Why minding our language is a priority

March 24, 2014

Opinion: Irish speakers assert the right to conduct business with the State in Irish because it is key to survival of the language

The thousands of Irish speakers who marched in Dublin last month for their rights weren’t looking for any special treatment.

The rights of Irish speakers are recognised in article eight of the Constitution and in the Official Languages Act 2003, while the rights of linguistic minorities are provided for in a number of important international documents including the UN Universal Declaration of Human Rights and Unesco’s Universal Declaration of Linguistic Rights.
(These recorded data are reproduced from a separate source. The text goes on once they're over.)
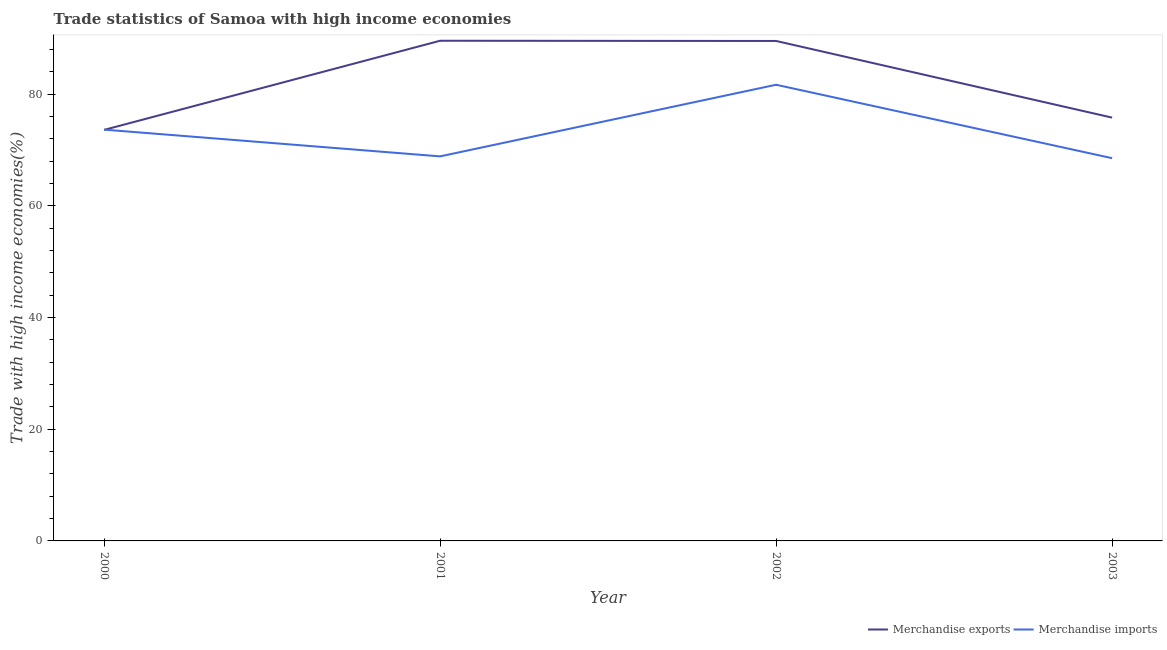How many different coloured lines are there?
Offer a very short reply. 2. Does the line corresponding to merchandise imports intersect with the line corresponding to merchandise exports?
Provide a short and direct response. Yes. Is the number of lines equal to the number of legend labels?
Keep it short and to the point. Yes. What is the merchandise exports in 2000?
Your response must be concise. 73.62. Across all years, what is the maximum merchandise imports?
Provide a succinct answer. 81.71. Across all years, what is the minimum merchandise exports?
Make the answer very short. 73.62. In which year was the merchandise exports maximum?
Offer a terse response. 2001. What is the total merchandise imports in the graph?
Ensure brevity in your answer.  292.82. What is the difference between the merchandise imports in 2000 and that in 2001?
Make the answer very short. 4.79. What is the difference between the merchandise exports in 2002 and the merchandise imports in 2001?
Your response must be concise. 20.67. What is the average merchandise imports per year?
Make the answer very short. 73.21. In the year 2002, what is the difference between the merchandise exports and merchandise imports?
Your answer should be very brief. 7.84. In how many years, is the merchandise imports greater than 12 %?
Offer a very short reply. 4. What is the ratio of the merchandise exports in 2002 to that in 2003?
Make the answer very short. 1.18. Is the merchandise imports in 2001 less than that in 2003?
Provide a succinct answer. No. Is the difference between the merchandise exports in 2000 and 2001 greater than the difference between the merchandise imports in 2000 and 2001?
Give a very brief answer. No. What is the difference between the highest and the second highest merchandise exports?
Make the answer very short. 0.04. What is the difference between the highest and the lowest merchandise exports?
Offer a very short reply. 15.97. Is the merchandise imports strictly less than the merchandise exports over the years?
Ensure brevity in your answer.  No. Are the values on the major ticks of Y-axis written in scientific E-notation?
Your answer should be very brief. No. What is the title of the graph?
Make the answer very short. Trade statistics of Samoa with high income economies. Does "Non-resident workers" appear as one of the legend labels in the graph?
Provide a short and direct response. No. What is the label or title of the Y-axis?
Give a very brief answer. Trade with high income economies(%). What is the Trade with high income economies(%) of Merchandise exports in 2000?
Your answer should be compact. 73.62. What is the Trade with high income economies(%) of Merchandise imports in 2000?
Offer a very short reply. 73.67. What is the Trade with high income economies(%) of Merchandise exports in 2001?
Keep it short and to the point. 89.59. What is the Trade with high income economies(%) of Merchandise imports in 2001?
Provide a short and direct response. 68.88. What is the Trade with high income economies(%) in Merchandise exports in 2002?
Your answer should be very brief. 89.55. What is the Trade with high income economies(%) of Merchandise imports in 2002?
Your answer should be compact. 81.71. What is the Trade with high income economies(%) of Merchandise exports in 2003?
Your answer should be very brief. 75.82. What is the Trade with high income economies(%) in Merchandise imports in 2003?
Make the answer very short. 68.56. Across all years, what is the maximum Trade with high income economies(%) of Merchandise exports?
Offer a terse response. 89.59. Across all years, what is the maximum Trade with high income economies(%) in Merchandise imports?
Ensure brevity in your answer.  81.71. Across all years, what is the minimum Trade with high income economies(%) in Merchandise exports?
Make the answer very short. 73.62. Across all years, what is the minimum Trade with high income economies(%) in Merchandise imports?
Ensure brevity in your answer.  68.56. What is the total Trade with high income economies(%) of Merchandise exports in the graph?
Give a very brief answer. 328.59. What is the total Trade with high income economies(%) of Merchandise imports in the graph?
Keep it short and to the point. 292.82. What is the difference between the Trade with high income economies(%) of Merchandise exports in 2000 and that in 2001?
Provide a succinct answer. -15.97. What is the difference between the Trade with high income economies(%) of Merchandise imports in 2000 and that in 2001?
Your answer should be very brief. 4.79. What is the difference between the Trade with high income economies(%) in Merchandise exports in 2000 and that in 2002?
Keep it short and to the point. -15.93. What is the difference between the Trade with high income economies(%) of Merchandise imports in 2000 and that in 2002?
Keep it short and to the point. -8.04. What is the difference between the Trade with high income economies(%) in Merchandise exports in 2000 and that in 2003?
Keep it short and to the point. -2.2. What is the difference between the Trade with high income economies(%) in Merchandise imports in 2000 and that in 2003?
Your answer should be compact. 5.11. What is the difference between the Trade with high income economies(%) in Merchandise exports in 2001 and that in 2002?
Provide a short and direct response. 0.04. What is the difference between the Trade with high income economies(%) of Merchandise imports in 2001 and that in 2002?
Your answer should be compact. -12.83. What is the difference between the Trade with high income economies(%) of Merchandise exports in 2001 and that in 2003?
Your answer should be very brief. 13.77. What is the difference between the Trade with high income economies(%) of Merchandise imports in 2001 and that in 2003?
Ensure brevity in your answer.  0.32. What is the difference between the Trade with high income economies(%) of Merchandise exports in 2002 and that in 2003?
Give a very brief answer. 13.73. What is the difference between the Trade with high income economies(%) of Merchandise imports in 2002 and that in 2003?
Offer a terse response. 13.15. What is the difference between the Trade with high income economies(%) in Merchandise exports in 2000 and the Trade with high income economies(%) in Merchandise imports in 2001?
Your answer should be very brief. 4.74. What is the difference between the Trade with high income economies(%) of Merchandise exports in 2000 and the Trade with high income economies(%) of Merchandise imports in 2002?
Provide a succinct answer. -8.09. What is the difference between the Trade with high income economies(%) in Merchandise exports in 2000 and the Trade with high income economies(%) in Merchandise imports in 2003?
Provide a short and direct response. 5.07. What is the difference between the Trade with high income economies(%) in Merchandise exports in 2001 and the Trade with high income economies(%) in Merchandise imports in 2002?
Make the answer very short. 7.88. What is the difference between the Trade with high income economies(%) of Merchandise exports in 2001 and the Trade with high income economies(%) of Merchandise imports in 2003?
Provide a short and direct response. 21.03. What is the difference between the Trade with high income economies(%) in Merchandise exports in 2002 and the Trade with high income economies(%) in Merchandise imports in 2003?
Offer a terse response. 20.99. What is the average Trade with high income economies(%) in Merchandise exports per year?
Your response must be concise. 82.15. What is the average Trade with high income economies(%) of Merchandise imports per year?
Keep it short and to the point. 73.21. In the year 2000, what is the difference between the Trade with high income economies(%) in Merchandise exports and Trade with high income economies(%) in Merchandise imports?
Your response must be concise. -0.05. In the year 2001, what is the difference between the Trade with high income economies(%) of Merchandise exports and Trade with high income economies(%) of Merchandise imports?
Your answer should be compact. 20.71. In the year 2002, what is the difference between the Trade with high income economies(%) of Merchandise exports and Trade with high income economies(%) of Merchandise imports?
Keep it short and to the point. 7.84. In the year 2003, what is the difference between the Trade with high income economies(%) in Merchandise exports and Trade with high income economies(%) in Merchandise imports?
Make the answer very short. 7.26. What is the ratio of the Trade with high income economies(%) of Merchandise exports in 2000 to that in 2001?
Ensure brevity in your answer.  0.82. What is the ratio of the Trade with high income economies(%) in Merchandise imports in 2000 to that in 2001?
Your answer should be very brief. 1.07. What is the ratio of the Trade with high income economies(%) in Merchandise exports in 2000 to that in 2002?
Your response must be concise. 0.82. What is the ratio of the Trade with high income economies(%) of Merchandise imports in 2000 to that in 2002?
Provide a succinct answer. 0.9. What is the ratio of the Trade with high income economies(%) in Merchandise imports in 2000 to that in 2003?
Offer a very short reply. 1.07. What is the ratio of the Trade with high income economies(%) in Merchandise imports in 2001 to that in 2002?
Keep it short and to the point. 0.84. What is the ratio of the Trade with high income economies(%) of Merchandise exports in 2001 to that in 2003?
Give a very brief answer. 1.18. What is the ratio of the Trade with high income economies(%) of Merchandise exports in 2002 to that in 2003?
Your answer should be very brief. 1.18. What is the ratio of the Trade with high income economies(%) in Merchandise imports in 2002 to that in 2003?
Offer a terse response. 1.19. What is the difference between the highest and the second highest Trade with high income economies(%) of Merchandise exports?
Keep it short and to the point. 0.04. What is the difference between the highest and the second highest Trade with high income economies(%) in Merchandise imports?
Provide a short and direct response. 8.04. What is the difference between the highest and the lowest Trade with high income economies(%) in Merchandise exports?
Provide a short and direct response. 15.97. What is the difference between the highest and the lowest Trade with high income economies(%) of Merchandise imports?
Your answer should be very brief. 13.15.

Increasingly, it is accepted that the rights of linguistic minorities are basic human rights.

As someone who was raised through Irish in the Gaeltacht and is now trying to raise his own children through Irish, I understand the difficulties faced by Irish speakers.

While many bodies fulfil their obligations willingly and conscientiously, the reality is that basic services in Irish are often made available as the exception rather than the rule.

Indeed, the notion that Irish speakers are somehow arguing for their rights from a position of privilege is one of the many absurdities that feature in the debate about our national language. Speaking Irish or raising a family through Irish is not an easy option.

Irish speakers live, after all, in a country where the majority speak English, and in the battle to save a minority language, the odds are always stacked in favour of the majority language, especially when the majority language is one of the world’s dominant means of communication.

The provision of language rights helps make the fight for the survival of a vulnerable or endangered language that little bit fairer, as languages often live or die depending on their perceived status and the level of prestige they are accorded.

Powerful message
When the rights of a linguistic minority to interact with the State in their own language are recognised, it sends a powerful message from the powerful.

In a review of Nicholas Ostler’s Empires of the Word: A Language History of the World a number of years ago, the author Jane Stevenson suggested it might be time to adapt the old joke that a language is a dialect with an army, when “the real key to survival is for a language to be a dialect with a civil service”.

Stevenson wrote: “A class of bureaucrats with the power to defend its monopoly can keep a language going for centuries, as can a set of scriptures, while conquerors come and go.”

This is why Irish speakers, including my predecessor as Coimisinéir Teanga, Seán Ó Cuirreáin, have been calling for the recruitment of more civil servants with Irish.

Irish speakers are asking for the right to conduct their business with the State in Irish because the provision of such services is key to the survival of the language, and not because they take a perverse joy in ringing up public bodies only to be put on hold and then told that “the Irish speaker is on holidays”.

These demands are being made by parents struggling against the odds to pass a 2,000-year-old language onto their children in order to preserve what is an important part of both our cultural identity and global linguistic diversity.

Is it too much to ask that children in the Gaeltacht should enjoy the right to basic services, such as healthcare, in their first language, which also happens to be the first official language of the State, according to the Constitution?

While governments since 1922 have made more positive interventions on behalf of Irish than is sometimes acknowledged, official language policy has sometimes consisted of no more than pieties and plámás.

By indulging in empty rhetoric about the importance of Irish, while failing to grant it anything like the status promised by all the lip service, the Irish State, since its foundation, has sent out mixed messages about the value of the language.

The Official Languages Act 2003 and the establishment of Oifig an Choimisinéara Teanga, were important milestones in that they marked a break from the tokenism of the past by giving practical effect to the rights of Irish speakers. The full implementation of this legislation and the continued independence of the Office of the Language Commissioner are crucial to the future of Irish.

There will always be those who view all Irish speakers as fanatics, and there will always be, as the current President of Ireland once put it, “people for whom Irish is not half-dead enough”. These negative views about Irish don’t represent the attitude of the vast majority of the people of Ireland.

On the contrary, research shows that more than 90 per cent of Irish people have a favourable attitude to the promotion and protection of Irish. This continued support is cause for hope, as is the success of our Gaelscoileanna, the vibrancy of TG4 and RTÉ RnaG, and the modest increase in the number of daily Irish speakers outside the education system reported in the last census.

Increasingly vulnerable
Irish, however, is in an increasingly vulnerable position in the Gaeltacht, and experts predict that its days as the main language of the home and community are numbered unless radical remedial action is taken.

Such radical action will require a will that has not always been apparent in the State’s approach to Irish.

In the meantime, only linguistic Darwinists would regard as radical the call for basic rights made by those who marched in Dublin last month.